◆ **Your objective**
Make an exact copy of every entry.

◆ **Task data**
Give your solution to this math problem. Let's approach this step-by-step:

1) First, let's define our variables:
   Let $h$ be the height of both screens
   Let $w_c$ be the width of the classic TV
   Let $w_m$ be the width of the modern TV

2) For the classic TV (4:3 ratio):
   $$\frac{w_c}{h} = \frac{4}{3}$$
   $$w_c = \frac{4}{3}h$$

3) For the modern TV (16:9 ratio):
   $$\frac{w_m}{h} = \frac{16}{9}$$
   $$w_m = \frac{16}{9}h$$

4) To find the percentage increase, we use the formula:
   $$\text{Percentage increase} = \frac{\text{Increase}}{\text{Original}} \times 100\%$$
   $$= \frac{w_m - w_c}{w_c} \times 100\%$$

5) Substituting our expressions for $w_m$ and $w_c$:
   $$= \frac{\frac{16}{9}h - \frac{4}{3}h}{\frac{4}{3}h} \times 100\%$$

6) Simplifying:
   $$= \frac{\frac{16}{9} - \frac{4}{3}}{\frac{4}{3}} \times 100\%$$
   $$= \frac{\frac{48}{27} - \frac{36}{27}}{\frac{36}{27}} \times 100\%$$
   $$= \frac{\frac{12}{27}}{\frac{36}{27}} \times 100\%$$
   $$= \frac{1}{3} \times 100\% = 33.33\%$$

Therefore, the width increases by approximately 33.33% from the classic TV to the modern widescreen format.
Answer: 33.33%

◆ **Response to the task**
Give your solution to this math problem. Let's approach this step-by-step:

1) First, let's define our variables:
   Let $h$ be the height of both screens
   Let $w_c$ be the width of the classic TV
   Let $w_m$ be the width of the modern TV

2) For the classic TV (4:3 ratio):
   $$\frac{w_c}{h} = \frac{4}{3}$$
   $$w_c = \frac{4}{3}h$$

3) For the modern TV (16:9 ratio):
   $$\frac{w_m}{h} = \frac{16}{9}$$
   $$w_m = \frac{16}{9}h$$

4) To find the percentage increase, we use the formula:
   $$\text{Percentage increase} = \frac{\text{Increase}}{\text{Original}} \times 100\%$$
   $$= \frac{w_m - w_c}{w_c} \times 100\%$$

5) Substituting our expressions for $w_m$ and $w_c$:
   $$= \frac{\frac{16}{9}h - \frac{4}{3}h}{\frac{4}{3}h} \times 100\%$$

6) Simplifying:
   $$= \frac{\frac{16}{9} - \frac{4}{3}}{\frac{4}{3}} \times 100\%$$
   $$= \frac{\frac{48}{27} - \frac{36}{27}}{\frac{36}{27}} \times 100\%$$
   $$= \frac{\frac{12}{27}}{\frac{36}{27}} \times 100\%$$
   $$= \frac{1}{3} \times 100\% = 33.33\%$$

Therefore, the width increases by approximately 33.33% from the classic TV to the modern widescreen format.
Answer: 33.33%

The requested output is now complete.